# 你是什麼大学的学生？



## cheshire

ni是shenme大学的学生？​If I ask this what kind of answer can I expect? "北京大学" or "医科大学"?


----------



## bluelaine

You will probably expect the answer of "北京大學".


----------



## cheshire

多謝,
I heard if I want to ask which university they attend, you have to say "叫shenme minze."


----------



## Dalian

cheshire said:


> ni是shenme大学的学生？​If I ask this what kind of answer can I expect? "北京大学" or "医科大学"?


More commonly we say "你是哪个(nage)大学的学生?"


----------



## Dalian

cheshire said:


> 多謝,
> I heard if I want to ask which university they attend, you have to say "叫shenme minze."

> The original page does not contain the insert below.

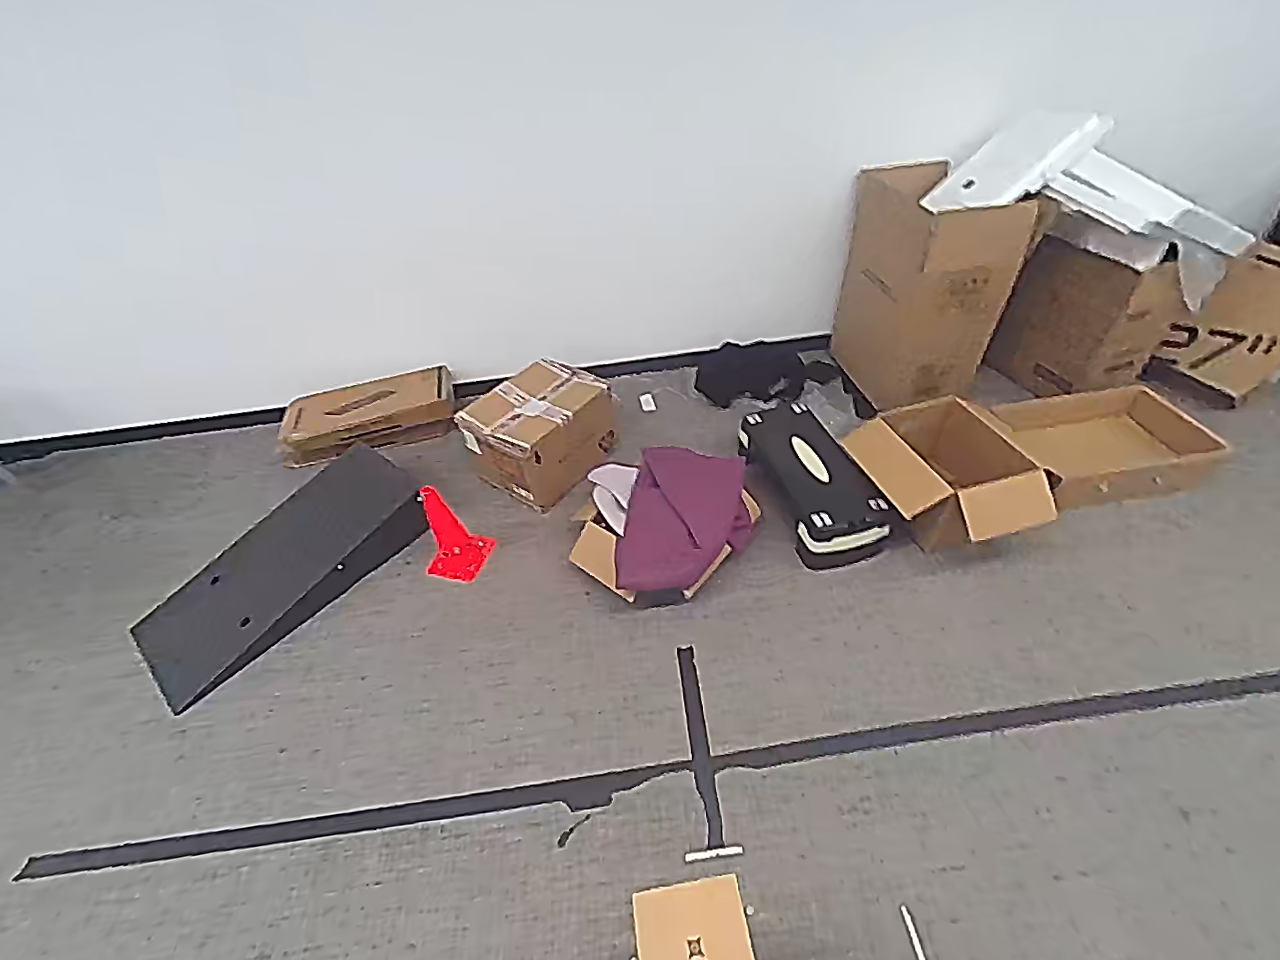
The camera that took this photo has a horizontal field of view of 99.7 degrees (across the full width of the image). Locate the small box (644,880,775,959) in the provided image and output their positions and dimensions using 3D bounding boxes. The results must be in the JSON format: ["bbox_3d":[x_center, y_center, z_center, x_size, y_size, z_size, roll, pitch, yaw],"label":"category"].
[{"bbox_3d":[0.102,0.692,0.751,0.168,0.176,0.179,-10,44,-2],"label":"small box"}]

Should be "mingzi", meaning "name".

"Jiao shenme mingzi" literally means "What's the name". It has to depend on the context to mean the inquiry about university.


----------



## cheshire

你指教倣我hen高興!
Thanks for correcting my poor attempt to pinyin, I'm not yet used to it.
Can't "你大學叫shenme mingzi" be an alternative to your sentence?


----------



## Dalian

不客气

Yes. You can say that, Cheshire. It literally means "What's the name of your university?"


----------



## Delzac

"你大學叫shenme mingzi " ( please note that you need to add a 上的 to the sentence, 你上的大學....)

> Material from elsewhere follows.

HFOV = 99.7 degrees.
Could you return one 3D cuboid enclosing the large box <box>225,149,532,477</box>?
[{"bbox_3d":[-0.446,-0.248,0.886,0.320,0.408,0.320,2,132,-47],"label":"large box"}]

I wouldn't advise that you use the sentence above, for it sounds unnatural.
The use of 名字/mingzi seems to be a bit strange here
More correctly is should be:

你上的大學叫甚么名?(least preferred)
请问你上哪间大学?(most preferred)


----------



## Delzac

By the way,

" 你指教倣我hen(很)高興! " is phrase incorrectly also.

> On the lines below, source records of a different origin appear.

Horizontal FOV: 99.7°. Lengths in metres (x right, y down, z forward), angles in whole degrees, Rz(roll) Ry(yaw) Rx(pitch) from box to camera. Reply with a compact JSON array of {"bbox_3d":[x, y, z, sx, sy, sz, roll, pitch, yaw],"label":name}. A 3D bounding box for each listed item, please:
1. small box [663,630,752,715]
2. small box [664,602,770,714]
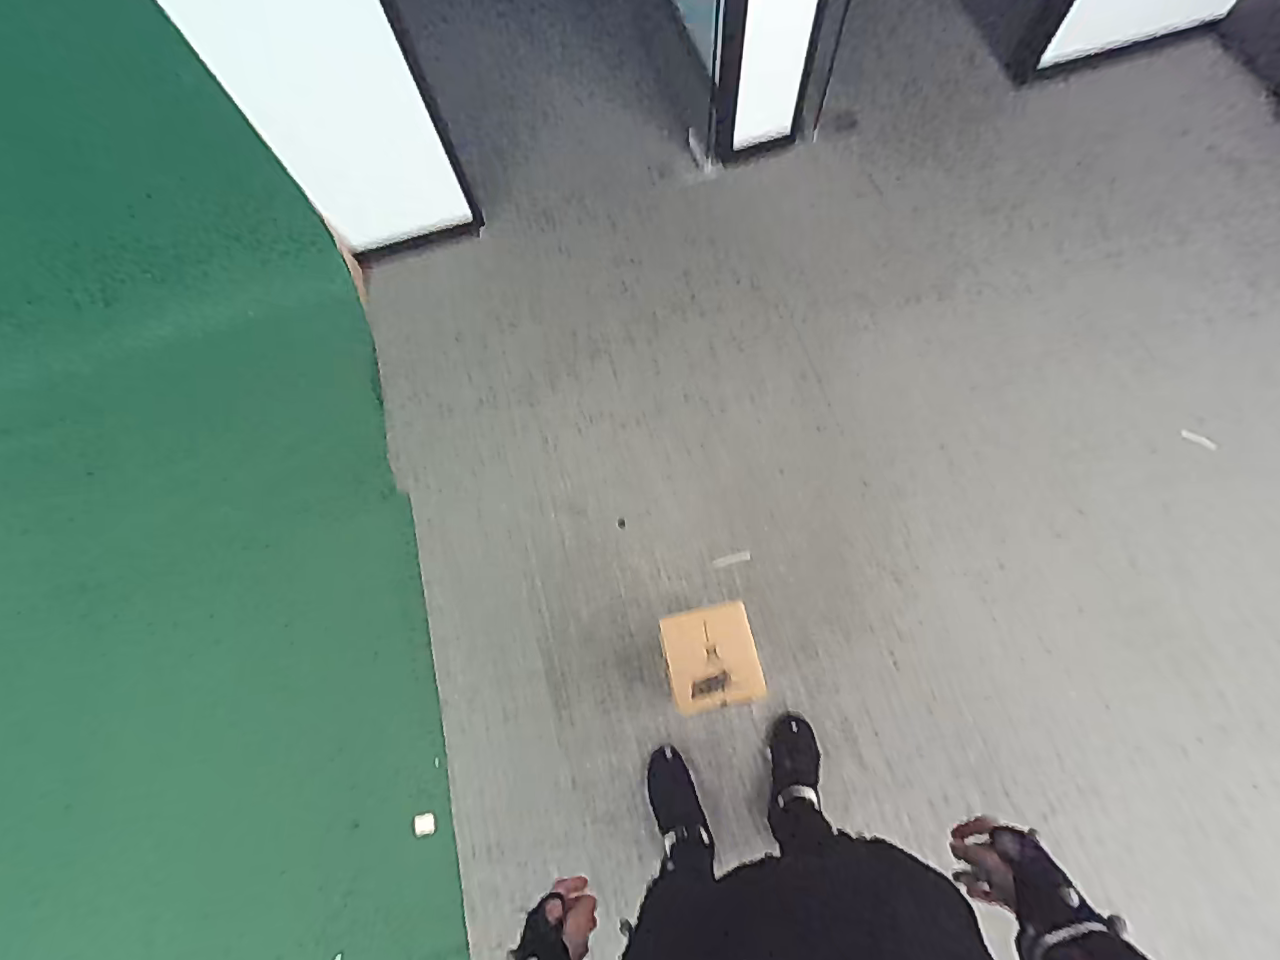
[{"bbox_3d":[0.151,0.415,1.224,0.168,0.176,0.179,-12,71,0],"label":"small box"},{"bbox_3d":[0.149,0.356,1.087,0.168,0.176,0.179,-13,70,-1],"label":"small box"}]
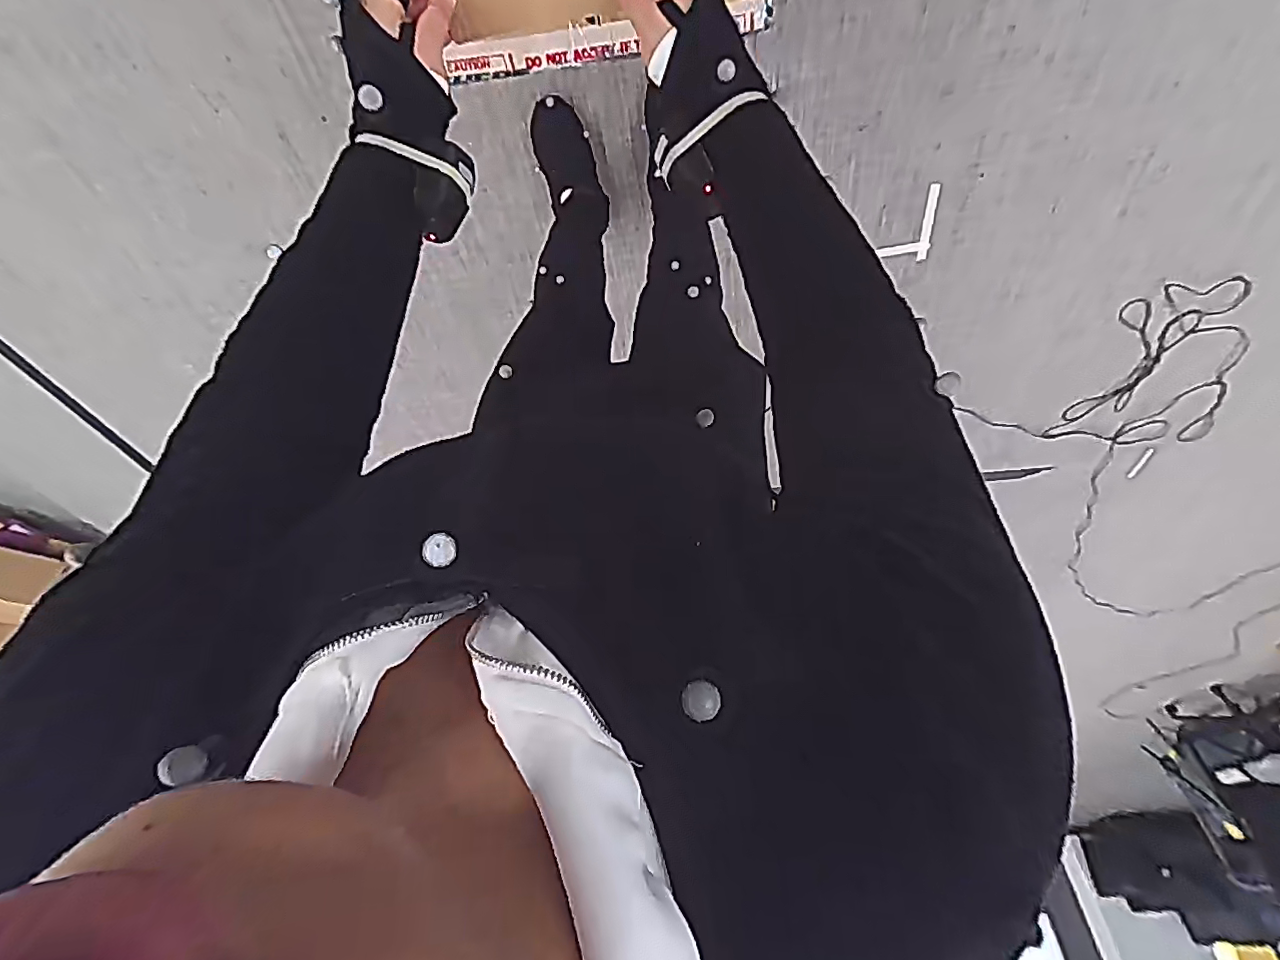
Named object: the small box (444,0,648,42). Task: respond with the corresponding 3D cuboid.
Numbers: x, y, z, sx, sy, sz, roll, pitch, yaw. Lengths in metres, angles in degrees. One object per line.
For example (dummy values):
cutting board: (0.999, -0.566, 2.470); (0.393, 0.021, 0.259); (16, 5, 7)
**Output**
small box: (-0.083, -0.490, 0.426); (0.168, 0.176, 0.179); (-3, 144, 9)

I checked the dictionary, the word  "教倣 " seems to be non-existent.(anyone can confirm?)

It should be:

我很高兴能受到你的指导


----------



## cheshire

As I couldn't display "zuo," I had to choose the most similar letter I could use possible.





> 我很高兴能受到你的指导


Is saying 指教 instead unnatural?
多謝你men


----------



## Dalian

指教 and 指导 are both okay here.


----------



## demoore

Some other simple ways:
- 你在哪里读书 (where do you study? Beijing Univ)
- 你是学什么的 (what do you study? medecine...)
- 你是什么专业的 (what is your major? medecine...)


----------



## cheshire

謝謝!
多謝嗮你 !


----------